The number one way to cut these costs is in drilling and completions, which represent about 30-40% of capital expense. It's the single largest chunk there is. A lot of work has gone into cutting drilling costs and the most effective way to do this is by reducing the number of wells drilled. The fewer wells you have to drill the lower, the cost will be. This can be done through multilateral technology and extended reach drilling. As new technologies develop, they will be key to driving down these costs. A lot of exploration and discovery drilling is performed by a fifth generation MODU with very high day rates. New riserless drilling concepts, preset moorings, and free-standing drilling risers will pave the way for second and third generation rigs to handle some of this work. These vessels will be much more economical.

When it comes to deepwater production, is the future Spars or TLPs?

If you're in 3,000 ft water depth or less, I think the capex (capital expenditure) is about the same for Spars and TLPs. It's really a question of customer preference. Shell is very comfortable with TLPs - they've standardized them. They have the cycle time down to a point where they are likely to have few surprises. Chevron, BP Amoco, and Exxon have all followed the spar path, starting with Genesis and following with Diana. They have perhaps been looking ahead, recognizing that the Spar is more versatile when it comes to moving into deeper water, while maintaining the use of dry trees.

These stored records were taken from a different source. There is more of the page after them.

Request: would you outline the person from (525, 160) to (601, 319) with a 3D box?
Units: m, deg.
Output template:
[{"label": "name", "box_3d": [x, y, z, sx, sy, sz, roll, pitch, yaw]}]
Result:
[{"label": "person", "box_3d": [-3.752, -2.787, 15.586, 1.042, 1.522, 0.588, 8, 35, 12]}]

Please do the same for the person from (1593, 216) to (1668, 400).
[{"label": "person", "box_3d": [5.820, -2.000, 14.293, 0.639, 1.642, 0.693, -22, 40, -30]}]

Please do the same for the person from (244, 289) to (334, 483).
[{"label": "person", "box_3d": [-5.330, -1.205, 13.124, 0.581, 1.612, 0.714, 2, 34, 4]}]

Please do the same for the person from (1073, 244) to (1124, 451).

When a producer has a prospect beyond 4,000-ft water depths, what are the options?

Wet tree solutions featuring semisubmersible or ship-shape production hubs will be attractive in ultra-deepwater. When a producer gets beyond 4,000 ft water depths, and a dry tree development is contemplated, then a Spar is likely, unless there is a breakthrough in tendon technology for TLPs, which industry is currently working on. The only other proven option out there currently is the mini-TLP. The choice between the two is very much payload dependent. For a large field with large topsides, the Spar would be the answer, but for smaller payloads, mini-TLPs do have the ability to compete with a Spar in water depths up to 6,000 ft.

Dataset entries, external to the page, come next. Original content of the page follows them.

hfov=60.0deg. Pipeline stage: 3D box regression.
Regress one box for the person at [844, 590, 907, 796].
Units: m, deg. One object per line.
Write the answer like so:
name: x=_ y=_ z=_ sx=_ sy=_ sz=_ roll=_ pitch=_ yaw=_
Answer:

Why is the payload a critical factor?

With larger payloads, you need to support the expanding deck, which requires multiple support points. This means multiple columns, and pontoons to interconnect them. With these additional elements, structural complexity goes up significantly. From a constructability standpoint, the single column with radial pontoons gives the mini-TLP an advantage over a full-sized TLP. A spar more easily absorbs the variable deck load than a TLP. Another feature that makes a spar attractive in deepwater and ultra-deepwater is the possibility for integrated storage built into the spar. This would offer a production solution involving shuttle tankers for transportation, rather than the expense of a deepwater export pipeline.